To change aperture, we average a subset of the images, instead of all 289. Fewer images can simulate a smaller aperture, since there aren't as many light rays being "captured". Wider apertures means more light, causing blur in the areas that are not in focus. To do this, we pick a central image and only average those images within a certain radius r of the central image. Keeping the constant c = 0, we observe these results:

r = 0 (only the center image)
r = 4
r = 8
Chess at various apertures
Beans at various apertures

Bells and Whistles: Using Real Data

I attempted to recreate this with my own images. This is what happened:

the setup

I used an iPhone camera, with the help of an empty egg carton like the one above. Standing the carton up vertically, I marked 9 nodes in a 3x3 grid with a pencil. Carefully, without moving the carton, I positioned the lens directly on top of the nodes to take each shot.

Since we don't have the camera position data, I had to do a bit of guessing for the offsets. Using a c value ranging from 0 to 60, I was able to simulate depth refocuing. The result is kinda shitty, but works best if you squint a little. Watch the painting on the back wall and the objects on the table.

tomatos
depth refocusing (squint for better effect!)

2nd attempt:

quarantine
depth refocusing (squint for better effect!)

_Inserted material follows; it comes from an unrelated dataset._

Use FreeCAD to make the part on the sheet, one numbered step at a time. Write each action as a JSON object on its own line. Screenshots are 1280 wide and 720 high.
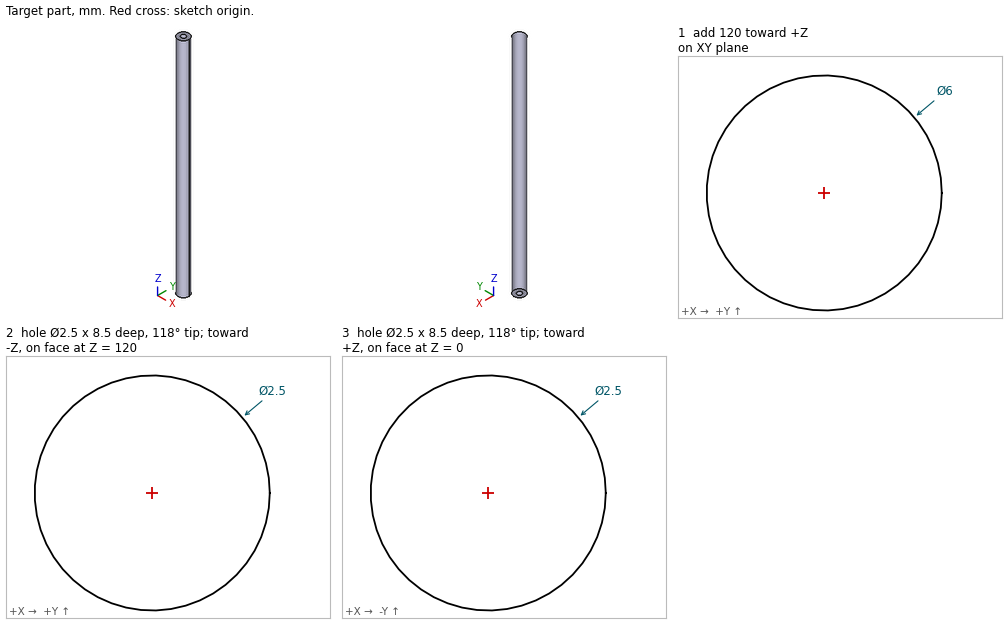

For the bathroom selfie, the mirror served as a flat surface for my phone. You can see that I accidentally moved while taking the 9 shots, so my face didn't focus well. But hers is actually pretty sharp!

Takeaways

I had no faith that this would work, but the results surprised me. With only 9 freehand images and no special equipment, we can get the same effect as long as we squint. Since the radius couldn't have been more than 1, I didn't bother making an aperture gif. However I did try taking a 5x5 grid of images. The result was considerably worse than 3x3, probably due to lack of precision. Using a gantry like the one Stanford researchers made would make larger attempts possible. Another thing to try would be homography matrices to align and rectify the source images.

Final thoughts

Lightfield data is fun to play with, and you don't even need a lot of math. Numpy is clutch. I really liked this project!